-- Data extracts follows --

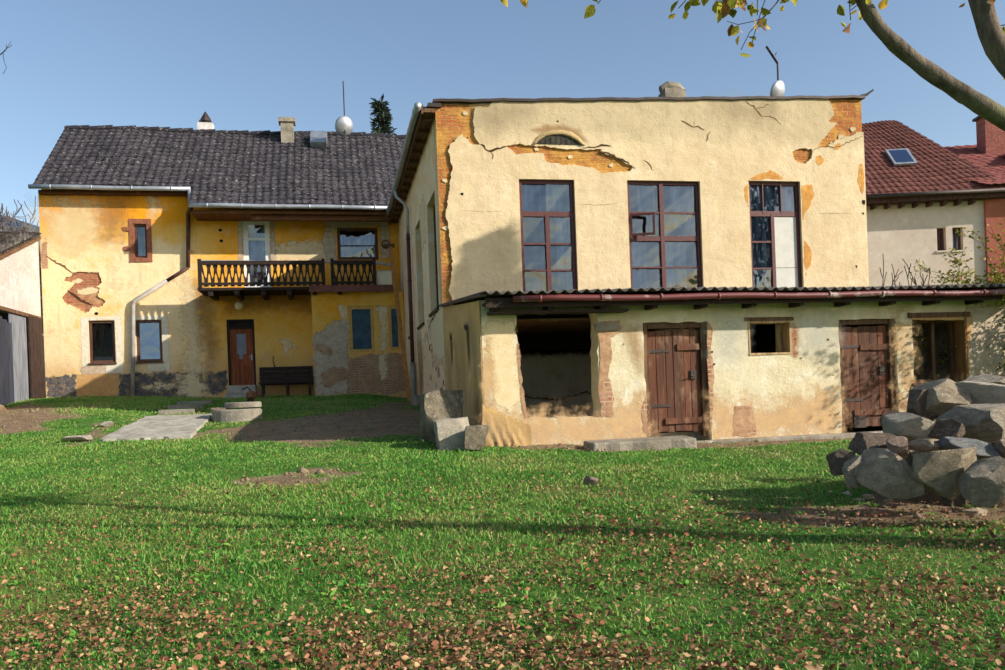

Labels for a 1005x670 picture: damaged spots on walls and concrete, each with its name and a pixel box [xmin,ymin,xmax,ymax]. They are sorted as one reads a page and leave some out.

flaking render [507,144,632,173]
flaking render [744,171,783,207]
flaking render [801,184,814,220]
flaking render [793,99,862,165]
flaking render [427,104,489,370]
flaking render [62,272,105,315]
peeling [45,365,106,398]
peeling [118,275,228,397]
flaking render [346,306,406,395]
flaking render [598,321,624,417]
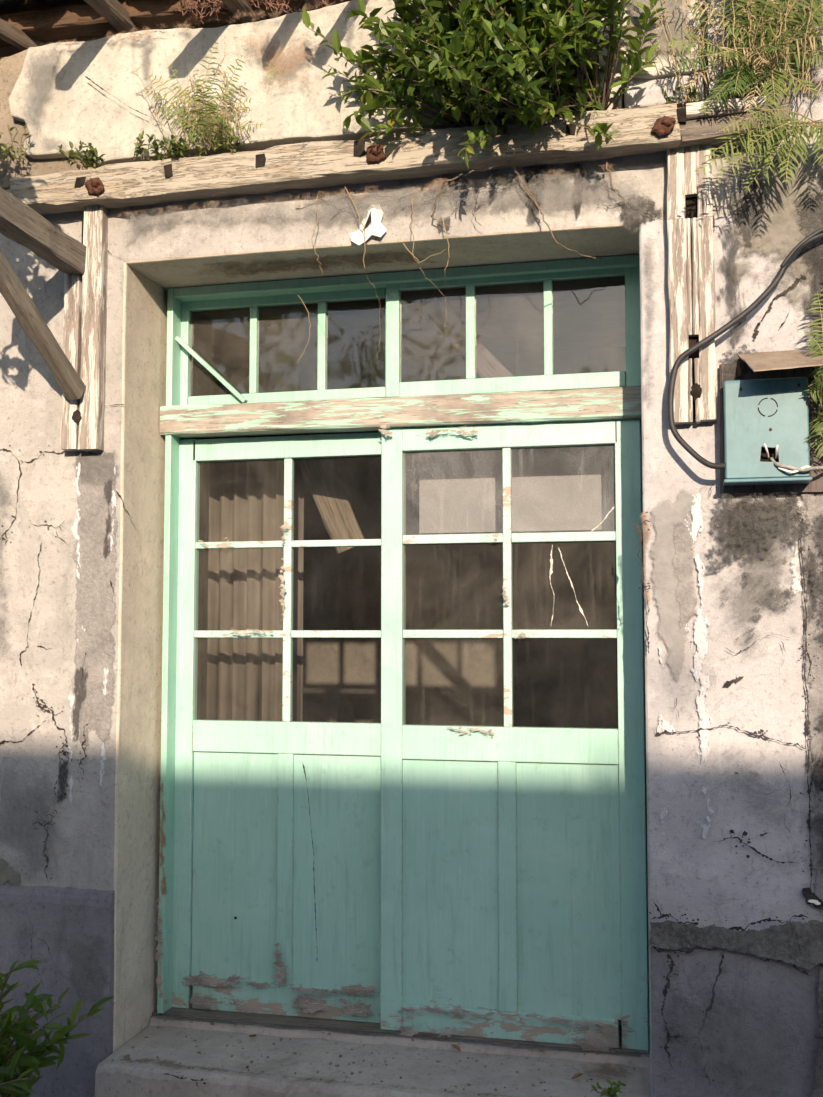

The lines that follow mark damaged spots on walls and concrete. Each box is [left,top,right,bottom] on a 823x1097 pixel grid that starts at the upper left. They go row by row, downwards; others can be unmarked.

water stain [720,147,823,393]
peeling [418,425,479,438]
crack [0,445,87,885]
flaking render [73,452,118,746]
water stain [655,714,675,736]
crack [654,518,823,890]
water stain [685,491,823,764]
peeling [181,943,378,1020]
peeling [395,1004,495,1038]
crack [659,954,724,1086]

-- Data extracts concluded --

Task prompt →
Repeat each line of the records exactly, dropping the pictures.

Task result →
Labels for a 1005x670 picture: damaged spots on walls and concrete, each with its name and a pixel box [xmin,ymin,xmax,ymax]. They are sorted as one reads a page and leave some out.

flaking render [507,144,632,173]
flaking render [744,171,783,207]
flaking render [801,184,814,220]
flaking render [793,99,862,165]
flaking render [427,104,489,370]
flaking render [62,272,105,315]
peeling [45,365,106,398]
peeling [118,275,228,397]
flaking render [346,306,406,395]
flaking render [598,321,624,417]

The lines that follow mark damaged spots on walls and concrete. Each box is [left,top,right,bottom] on a 823x1097 pixel grid that starts at the upper left. They go row by row, downwards; others can be unmarked.

water stain [720,147,823,393]
peeling [418,425,479,438]
crack [0,445,87,885]
flaking render [73,452,118,746]
water stain [655,714,675,736]
crack [654,518,823,890]
water stain [685,491,823,764]
peeling [181,943,378,1020]
peeling [395,1004,495,1038]
crack [659,954,724,1086]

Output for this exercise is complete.